薛志良也神色複雜地跟上,他連自個兒人都是奚當家救出來的。

“恬兒,買上二十斤精米,兩斤小麥面怎樣?”奚曦問田恬。

“嗯嗯。”田恬連每日要吃多少糧都不知,自然只能胡亂地點頭。

奚曦又拿了些油鹽,讓店裏夥計将東西搬去外頭的牛車上,回頭對劉奔道:“看吧,又勞用你家牛車了!”趁着劉奔夫夫和薛志良在店裏頭,奚曦湊到田恬身邊道:“恬兒,我身上的錢不夠了。”
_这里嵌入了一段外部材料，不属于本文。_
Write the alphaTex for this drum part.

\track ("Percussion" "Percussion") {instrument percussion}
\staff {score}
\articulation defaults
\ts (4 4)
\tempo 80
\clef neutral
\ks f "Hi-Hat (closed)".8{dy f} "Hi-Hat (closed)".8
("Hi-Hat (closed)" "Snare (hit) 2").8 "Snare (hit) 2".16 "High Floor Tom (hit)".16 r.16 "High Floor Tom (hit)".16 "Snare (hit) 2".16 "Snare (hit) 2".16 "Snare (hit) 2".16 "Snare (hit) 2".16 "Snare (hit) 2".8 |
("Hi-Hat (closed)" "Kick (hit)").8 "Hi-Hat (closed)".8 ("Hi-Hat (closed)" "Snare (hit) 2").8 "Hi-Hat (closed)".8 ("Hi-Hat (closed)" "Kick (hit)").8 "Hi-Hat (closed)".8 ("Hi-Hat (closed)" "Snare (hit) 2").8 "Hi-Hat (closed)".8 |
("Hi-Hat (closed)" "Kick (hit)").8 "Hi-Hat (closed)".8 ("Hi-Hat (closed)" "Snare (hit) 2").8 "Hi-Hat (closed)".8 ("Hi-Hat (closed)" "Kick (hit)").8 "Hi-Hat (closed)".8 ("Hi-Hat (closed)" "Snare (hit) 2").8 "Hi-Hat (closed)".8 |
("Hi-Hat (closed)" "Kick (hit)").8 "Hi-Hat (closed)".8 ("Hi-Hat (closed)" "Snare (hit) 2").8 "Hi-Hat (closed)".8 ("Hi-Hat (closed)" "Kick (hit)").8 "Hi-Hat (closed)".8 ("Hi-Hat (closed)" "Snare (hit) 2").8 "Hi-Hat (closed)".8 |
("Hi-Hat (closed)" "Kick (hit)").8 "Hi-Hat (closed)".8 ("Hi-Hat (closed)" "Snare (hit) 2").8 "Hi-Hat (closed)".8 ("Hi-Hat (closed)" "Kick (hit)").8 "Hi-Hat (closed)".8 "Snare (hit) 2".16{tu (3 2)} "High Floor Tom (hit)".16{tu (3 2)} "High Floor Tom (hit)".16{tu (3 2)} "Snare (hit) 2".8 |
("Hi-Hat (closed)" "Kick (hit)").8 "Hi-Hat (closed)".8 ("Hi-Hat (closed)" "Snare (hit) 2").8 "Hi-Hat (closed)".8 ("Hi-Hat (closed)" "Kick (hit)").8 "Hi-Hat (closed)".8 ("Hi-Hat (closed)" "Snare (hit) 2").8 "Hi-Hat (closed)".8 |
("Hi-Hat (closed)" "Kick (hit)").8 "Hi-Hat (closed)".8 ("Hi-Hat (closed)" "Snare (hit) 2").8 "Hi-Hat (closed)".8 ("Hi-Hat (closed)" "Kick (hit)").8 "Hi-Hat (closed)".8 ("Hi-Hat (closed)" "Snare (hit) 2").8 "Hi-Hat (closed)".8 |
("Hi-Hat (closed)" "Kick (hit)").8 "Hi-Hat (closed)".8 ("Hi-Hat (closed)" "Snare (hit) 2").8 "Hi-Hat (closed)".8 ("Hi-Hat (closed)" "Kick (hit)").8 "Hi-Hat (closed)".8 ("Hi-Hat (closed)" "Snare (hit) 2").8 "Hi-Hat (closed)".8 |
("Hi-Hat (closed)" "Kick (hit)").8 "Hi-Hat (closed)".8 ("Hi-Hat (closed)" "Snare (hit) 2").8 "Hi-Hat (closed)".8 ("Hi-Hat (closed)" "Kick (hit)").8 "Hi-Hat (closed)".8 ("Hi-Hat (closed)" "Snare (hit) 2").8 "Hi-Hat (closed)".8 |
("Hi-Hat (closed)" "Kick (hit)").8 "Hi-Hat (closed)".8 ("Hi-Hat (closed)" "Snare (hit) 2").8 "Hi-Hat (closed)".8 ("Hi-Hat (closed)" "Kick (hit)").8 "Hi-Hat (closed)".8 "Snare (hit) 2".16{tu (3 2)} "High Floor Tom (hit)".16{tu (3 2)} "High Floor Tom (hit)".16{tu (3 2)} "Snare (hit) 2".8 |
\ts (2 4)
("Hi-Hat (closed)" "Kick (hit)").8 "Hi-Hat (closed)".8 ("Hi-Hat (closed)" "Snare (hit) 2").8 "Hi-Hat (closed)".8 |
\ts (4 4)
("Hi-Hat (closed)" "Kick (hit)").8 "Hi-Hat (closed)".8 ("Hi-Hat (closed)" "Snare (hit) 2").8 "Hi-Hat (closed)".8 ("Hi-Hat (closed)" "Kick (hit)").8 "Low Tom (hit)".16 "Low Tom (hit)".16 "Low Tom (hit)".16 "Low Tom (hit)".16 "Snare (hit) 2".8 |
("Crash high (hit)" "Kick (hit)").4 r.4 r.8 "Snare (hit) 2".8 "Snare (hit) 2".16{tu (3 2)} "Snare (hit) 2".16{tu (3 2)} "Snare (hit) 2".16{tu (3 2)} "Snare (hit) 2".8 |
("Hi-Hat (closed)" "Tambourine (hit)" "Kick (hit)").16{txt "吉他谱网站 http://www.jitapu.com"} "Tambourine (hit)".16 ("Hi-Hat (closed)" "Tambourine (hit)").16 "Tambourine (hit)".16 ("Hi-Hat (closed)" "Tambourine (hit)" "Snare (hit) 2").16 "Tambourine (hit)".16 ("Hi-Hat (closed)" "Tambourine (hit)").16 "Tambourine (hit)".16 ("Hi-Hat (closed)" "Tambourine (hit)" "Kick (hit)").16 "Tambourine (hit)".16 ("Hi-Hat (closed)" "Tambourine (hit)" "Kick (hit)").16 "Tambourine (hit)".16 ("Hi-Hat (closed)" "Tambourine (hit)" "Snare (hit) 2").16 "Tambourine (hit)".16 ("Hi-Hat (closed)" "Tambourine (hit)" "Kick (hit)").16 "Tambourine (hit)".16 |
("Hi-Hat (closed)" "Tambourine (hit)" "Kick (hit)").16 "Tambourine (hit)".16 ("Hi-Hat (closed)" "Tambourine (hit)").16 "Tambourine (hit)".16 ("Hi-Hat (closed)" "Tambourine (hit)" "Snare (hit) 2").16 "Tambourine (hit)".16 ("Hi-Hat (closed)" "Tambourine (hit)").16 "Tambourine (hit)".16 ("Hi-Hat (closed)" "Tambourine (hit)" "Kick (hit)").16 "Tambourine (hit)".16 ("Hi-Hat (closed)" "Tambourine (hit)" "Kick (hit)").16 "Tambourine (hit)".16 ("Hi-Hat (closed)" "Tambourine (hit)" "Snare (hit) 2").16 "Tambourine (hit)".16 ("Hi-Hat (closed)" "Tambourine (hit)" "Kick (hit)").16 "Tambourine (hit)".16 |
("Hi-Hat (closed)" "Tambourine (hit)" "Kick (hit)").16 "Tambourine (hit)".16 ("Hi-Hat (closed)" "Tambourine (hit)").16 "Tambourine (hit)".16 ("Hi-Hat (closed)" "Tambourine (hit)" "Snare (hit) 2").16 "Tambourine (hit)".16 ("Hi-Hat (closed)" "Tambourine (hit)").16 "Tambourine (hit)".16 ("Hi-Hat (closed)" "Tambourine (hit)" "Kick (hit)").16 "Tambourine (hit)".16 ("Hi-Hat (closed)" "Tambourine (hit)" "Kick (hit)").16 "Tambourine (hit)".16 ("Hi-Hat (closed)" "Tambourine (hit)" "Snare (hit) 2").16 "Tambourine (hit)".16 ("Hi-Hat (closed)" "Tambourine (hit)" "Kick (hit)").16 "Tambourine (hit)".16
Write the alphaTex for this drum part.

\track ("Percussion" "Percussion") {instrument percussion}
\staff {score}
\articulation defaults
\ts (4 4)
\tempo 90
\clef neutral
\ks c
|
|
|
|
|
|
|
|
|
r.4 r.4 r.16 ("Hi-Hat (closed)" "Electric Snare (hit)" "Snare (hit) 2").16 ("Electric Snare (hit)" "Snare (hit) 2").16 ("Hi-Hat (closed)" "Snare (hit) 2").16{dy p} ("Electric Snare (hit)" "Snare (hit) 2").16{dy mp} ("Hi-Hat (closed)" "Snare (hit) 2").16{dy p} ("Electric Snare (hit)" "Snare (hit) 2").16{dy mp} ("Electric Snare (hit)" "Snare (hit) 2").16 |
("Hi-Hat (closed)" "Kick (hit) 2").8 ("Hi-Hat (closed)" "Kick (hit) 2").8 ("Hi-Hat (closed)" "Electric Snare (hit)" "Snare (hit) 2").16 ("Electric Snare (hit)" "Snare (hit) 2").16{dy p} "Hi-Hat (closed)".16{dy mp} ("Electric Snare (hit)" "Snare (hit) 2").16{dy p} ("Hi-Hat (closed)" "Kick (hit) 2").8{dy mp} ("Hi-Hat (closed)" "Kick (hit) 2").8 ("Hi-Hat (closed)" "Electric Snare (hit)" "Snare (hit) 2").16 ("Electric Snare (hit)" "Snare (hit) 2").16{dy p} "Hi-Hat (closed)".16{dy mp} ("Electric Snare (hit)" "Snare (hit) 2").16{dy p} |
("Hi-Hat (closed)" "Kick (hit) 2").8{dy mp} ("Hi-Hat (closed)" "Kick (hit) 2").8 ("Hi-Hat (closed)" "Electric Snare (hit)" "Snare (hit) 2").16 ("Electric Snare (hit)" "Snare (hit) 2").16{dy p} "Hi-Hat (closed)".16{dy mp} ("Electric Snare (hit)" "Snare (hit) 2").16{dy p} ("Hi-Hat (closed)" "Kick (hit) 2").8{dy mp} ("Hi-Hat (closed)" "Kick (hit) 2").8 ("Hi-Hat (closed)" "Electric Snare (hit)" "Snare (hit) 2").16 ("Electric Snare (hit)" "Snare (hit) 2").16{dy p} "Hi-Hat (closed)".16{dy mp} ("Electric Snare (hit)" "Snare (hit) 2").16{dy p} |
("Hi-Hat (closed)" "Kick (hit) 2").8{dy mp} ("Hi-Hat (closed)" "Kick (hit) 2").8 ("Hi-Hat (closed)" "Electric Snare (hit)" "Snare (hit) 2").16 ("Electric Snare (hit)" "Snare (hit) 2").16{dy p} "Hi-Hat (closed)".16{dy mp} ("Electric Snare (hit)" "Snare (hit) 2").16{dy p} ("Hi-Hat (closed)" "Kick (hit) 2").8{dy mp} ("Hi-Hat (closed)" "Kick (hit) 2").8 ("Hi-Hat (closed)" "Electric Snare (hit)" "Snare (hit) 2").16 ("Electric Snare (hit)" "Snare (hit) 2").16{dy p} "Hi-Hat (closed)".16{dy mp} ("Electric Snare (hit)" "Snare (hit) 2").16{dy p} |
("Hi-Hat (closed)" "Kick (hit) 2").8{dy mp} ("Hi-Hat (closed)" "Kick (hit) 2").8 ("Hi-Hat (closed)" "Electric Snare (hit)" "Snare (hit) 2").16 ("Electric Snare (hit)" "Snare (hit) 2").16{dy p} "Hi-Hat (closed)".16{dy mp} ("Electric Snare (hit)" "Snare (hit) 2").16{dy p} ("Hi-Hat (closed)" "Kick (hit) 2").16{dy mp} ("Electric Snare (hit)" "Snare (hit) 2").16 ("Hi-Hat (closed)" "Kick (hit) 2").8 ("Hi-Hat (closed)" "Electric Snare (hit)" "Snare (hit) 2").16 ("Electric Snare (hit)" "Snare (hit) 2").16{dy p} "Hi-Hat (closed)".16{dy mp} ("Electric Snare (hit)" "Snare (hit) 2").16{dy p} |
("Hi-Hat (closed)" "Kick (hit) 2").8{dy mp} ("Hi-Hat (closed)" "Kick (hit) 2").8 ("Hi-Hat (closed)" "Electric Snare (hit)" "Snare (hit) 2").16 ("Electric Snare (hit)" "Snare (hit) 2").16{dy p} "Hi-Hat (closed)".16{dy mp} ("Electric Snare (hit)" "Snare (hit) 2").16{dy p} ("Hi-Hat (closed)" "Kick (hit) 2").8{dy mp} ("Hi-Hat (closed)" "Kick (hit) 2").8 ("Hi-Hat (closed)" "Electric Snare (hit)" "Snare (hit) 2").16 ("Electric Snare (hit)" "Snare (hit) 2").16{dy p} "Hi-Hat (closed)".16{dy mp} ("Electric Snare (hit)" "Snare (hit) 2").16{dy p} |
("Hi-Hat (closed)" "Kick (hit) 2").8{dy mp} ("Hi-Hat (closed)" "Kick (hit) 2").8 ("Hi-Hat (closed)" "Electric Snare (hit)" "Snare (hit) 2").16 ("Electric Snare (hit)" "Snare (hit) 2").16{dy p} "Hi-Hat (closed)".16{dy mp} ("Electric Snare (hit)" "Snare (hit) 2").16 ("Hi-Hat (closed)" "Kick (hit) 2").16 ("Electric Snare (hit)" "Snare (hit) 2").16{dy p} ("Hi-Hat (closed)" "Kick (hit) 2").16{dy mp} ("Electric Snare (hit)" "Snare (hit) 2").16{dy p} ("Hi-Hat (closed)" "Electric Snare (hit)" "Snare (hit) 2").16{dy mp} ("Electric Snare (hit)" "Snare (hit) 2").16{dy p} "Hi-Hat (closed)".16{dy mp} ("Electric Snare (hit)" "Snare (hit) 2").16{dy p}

田恬眨巴了一下眼睛,好吧,兩只山雞換這麽多糧食也是差不多了。哦,忘了,還有那五碗面。他從衣裏掏了一個荷包出來遞給奚曦,裏面是回家的時候抓的一荷包銅錢。

奚曦掂了掂,全都是銅錢,沉默了。

“不夠?”田恬見他神色有些莫名,便問道。這一荷包錢呢,沉甸甸的!

“沒事,”奚曦道,“待會兒給恬兒定下棉衣和被褥,付下定金,等拿的時候再付餘下的就成了。”

“你的呢?”田恬問。

“過兩日賣獵物的時候,再來一趟就是了。”奚曦道。

“嗯。”田恬點頭。反正離冬日還有段時間,也就是多跑一趟的事。可是,就這麽一會兒,就一大把銅錢沒了呢!

劉奔看奚曦這麽買糧,也是瞪圓了眼。他摸了摸銅錢,咬牙買了兩斤精米,五斤雜糧面,兩斤小麥面,又拿了一小包鹽。

“作甚要買精米?家裏還有好些糙米,吃着也挺不錯的。”劉奔家的舍不得錢。

“懷着娃娃呢,多吃些好的。”劉奔道,“娃娃也能長得結實些!”

“嗯。”劉奔家的聽到“娃娃”便抿了抿唇,點頭。他昨日在奚家吃了白米飯之後,還挺饞那味道的。

薛志良不用買糧,家裏還有些雜糧面。

大夥兒從米糧店裏出來,奚曦已經拎了一包點心從糕餅店出來了,還舉了個紅豔豔的糖葫蘆。

“恬兒,給!”奚曦将糖葫蘆塞到田恬手裏。

“偶不是小孩兒!”田恬羞道。

其餘四個目光垂垂地落到田恬身上,意義不言而喻。

田恬收到一衆下視的目光,憤憤然,身嬌體軟不代表幼小好麽!他偏過臉,将糖葫蘆塞回奚曦手裏。他才不要這麽丢臉,傻傻地舉着個糖葫蘆舔上一路呢!

“以前很喜歡的呢……”奚曦小聲嘀咕了一下。

“現在不喜歡。”田恬一笑,看着人高馬大的奚曦舉着一支嬌豔欲滴的糖葫蘆還真是……呆!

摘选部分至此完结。